Выбрать главу

Et Jacques Ferrand se traîna vers le milieu de la chambre sur ses genoux et sur ses mains. Quoique ses forces fussent épuisées, de temps à autre il avançait par un soubresaut convulsif, puis il s’arrêtait, semblant écouter attentivement.

– Où est-elle? où est-elle? j’approche, elle s’éloigne… Ah!… là-bas… oh! elle m’attend… va… va… mords le sable en poussant tes rugissements plaintifs… Ah! ses grands yeux féroces… ils deviennent languissants, ils implorent… Cecily, ton vieux tigre est à toi, s’écria-t-il.

Et d’un dernier élan il eut la force de se soulever et de se redresser sur ses genoux.
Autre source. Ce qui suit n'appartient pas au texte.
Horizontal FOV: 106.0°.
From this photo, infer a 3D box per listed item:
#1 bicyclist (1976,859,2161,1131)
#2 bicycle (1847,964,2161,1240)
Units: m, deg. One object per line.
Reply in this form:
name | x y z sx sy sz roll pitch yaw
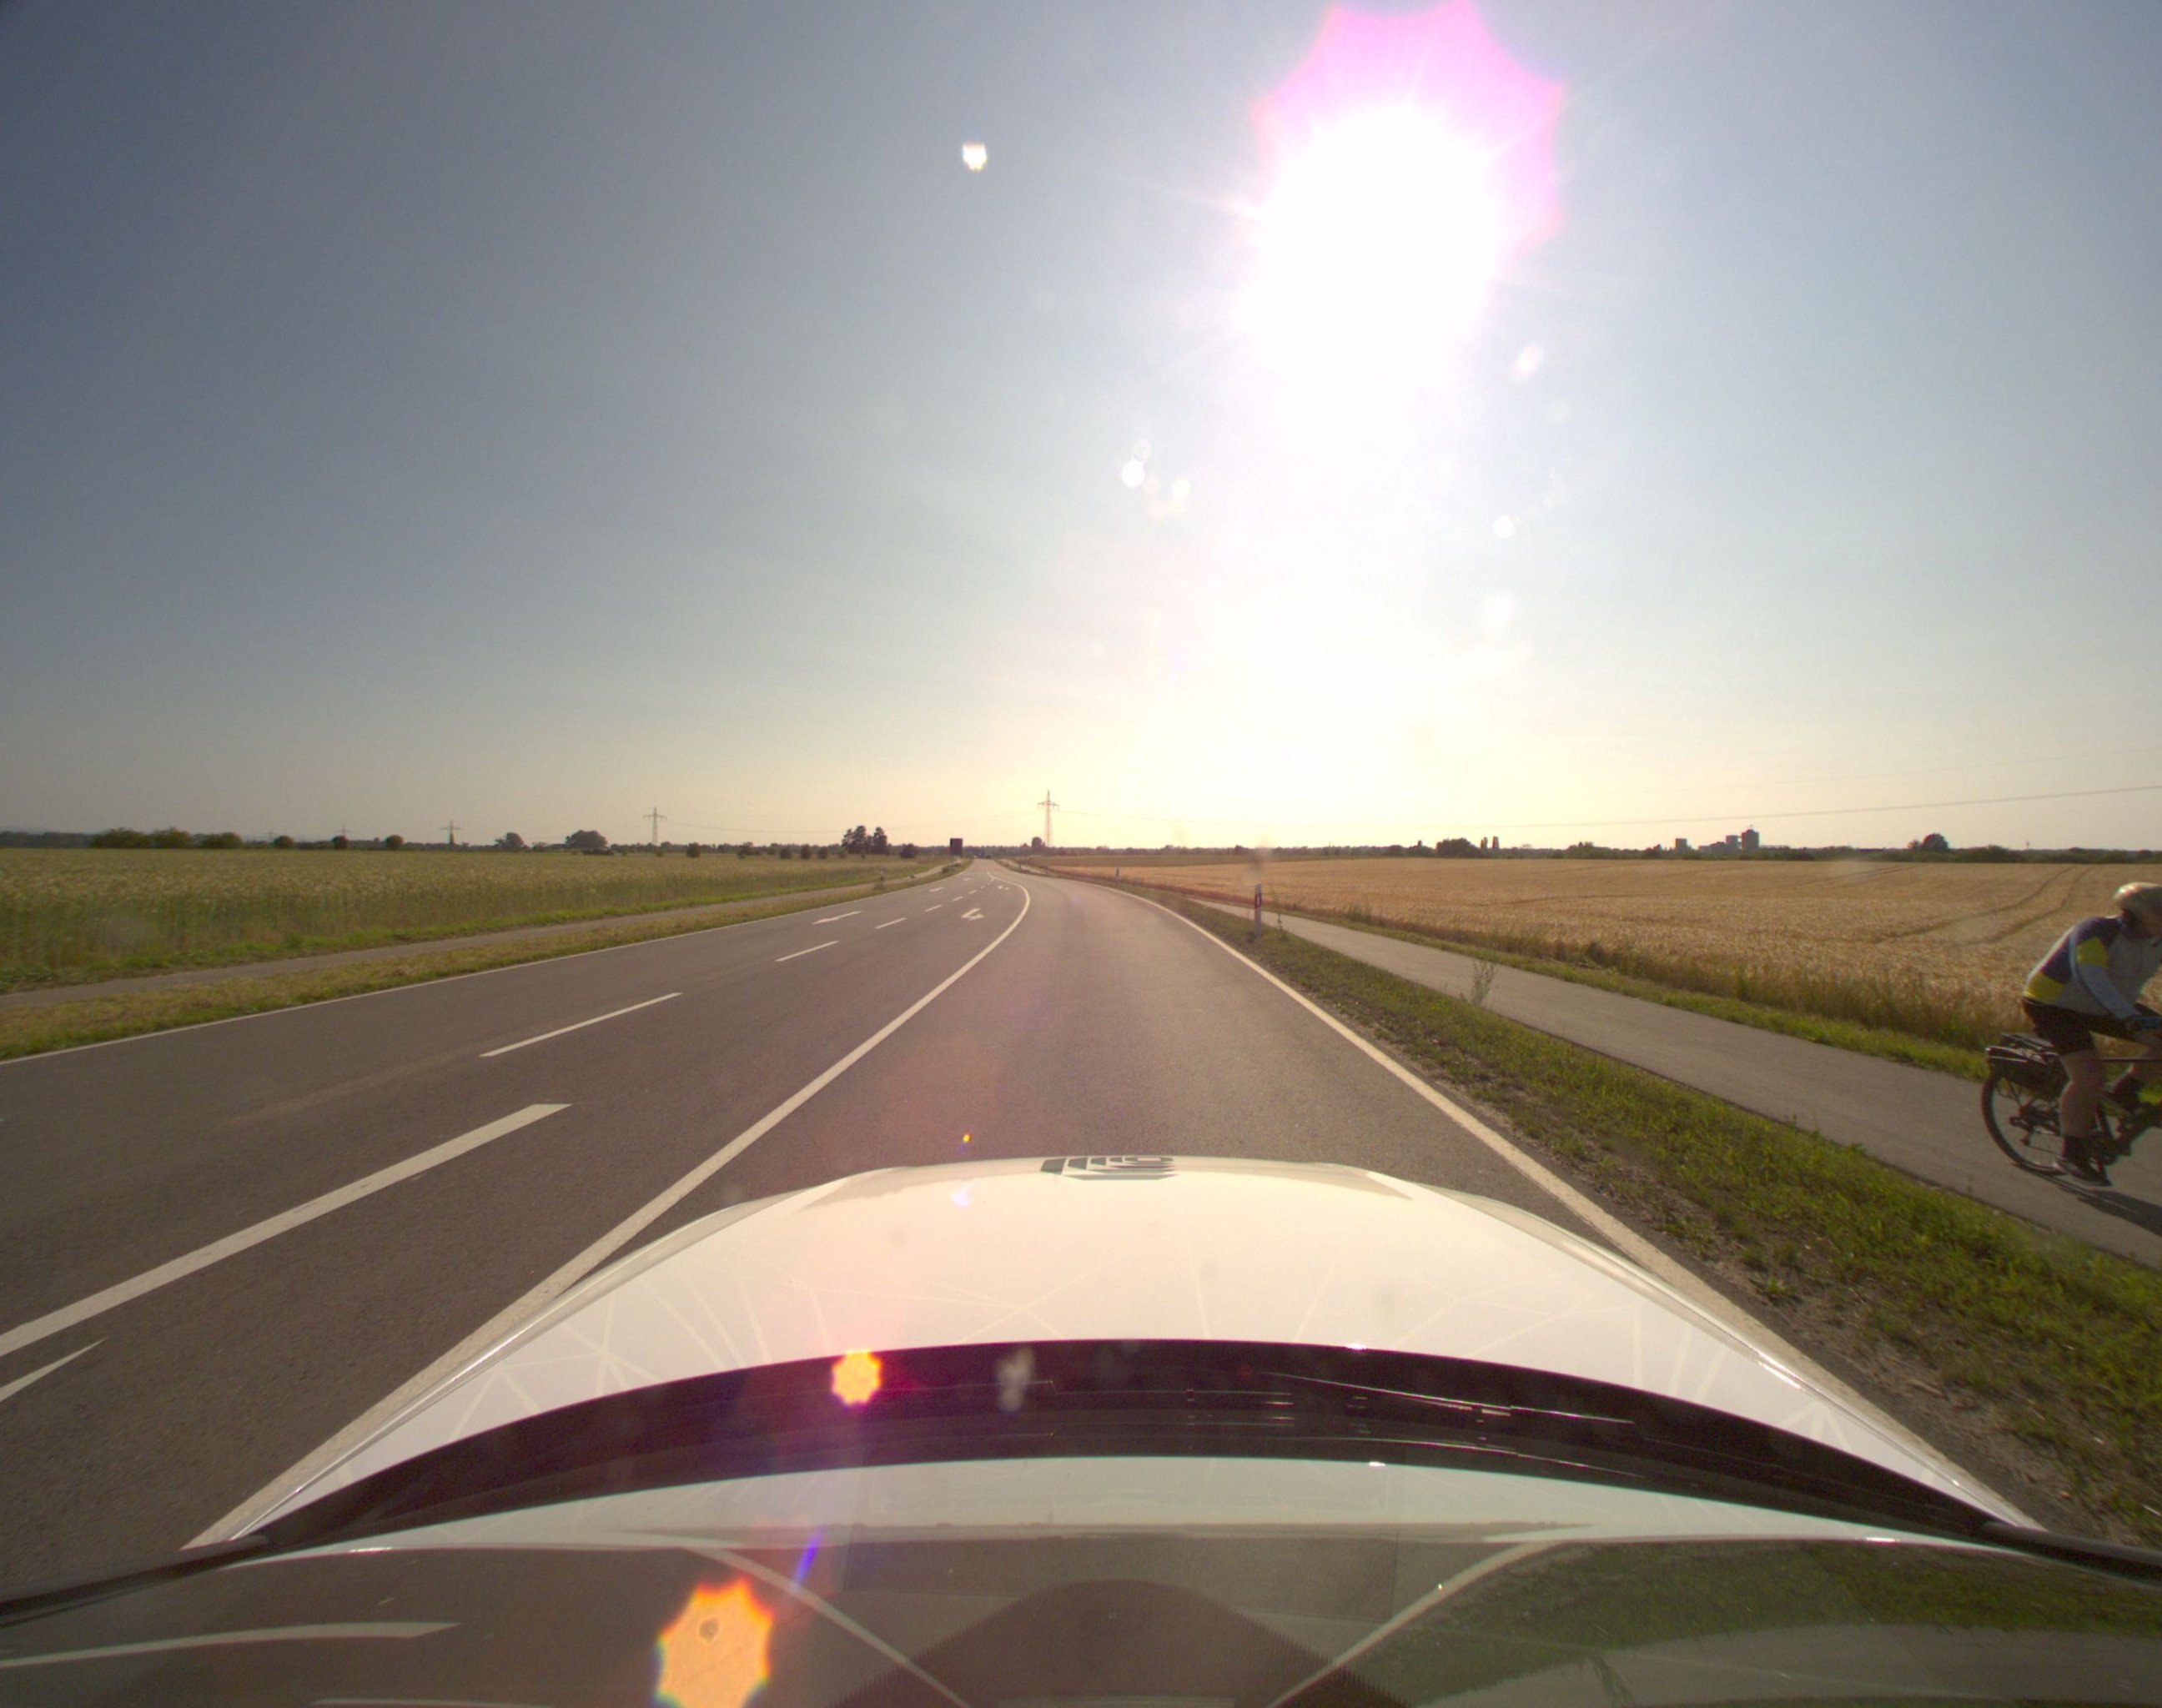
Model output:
bicyclist | 6.006 0.770 4.779 0.634 1.457 0.819 2 -1 9
bicycle | 5.996 1.392 4.952 0.840 1.142 2.212 2 -1 9

Mais tout à coup se renversant en arrière avec épouvante, le corps affaissé sur ses talons, les cheveux hérissés, le regard effaré, la bouche contournée de terreur, les deux mains tendues en avant, il sembla lutter avec rage contre un objet invisible, prononçant des paroles sans suite, et s’écriant d’une voix entrecoupée:

– Quelle morsure… au secours… nœuds glacés… mes bras brisés… je ne peux pas l’ôter… dents aiguës… Non, non, oh! pas les yeux… au secours… un serpent noir… oh! sa tête plate… ses prunelles de feu. Il me regarde… c’est le démon… Ah! il me reconnaît… Jacques Ferrand… à l’église… saint homme… toujours à l’église… va-t’en… au signe de la croix… va-t’en…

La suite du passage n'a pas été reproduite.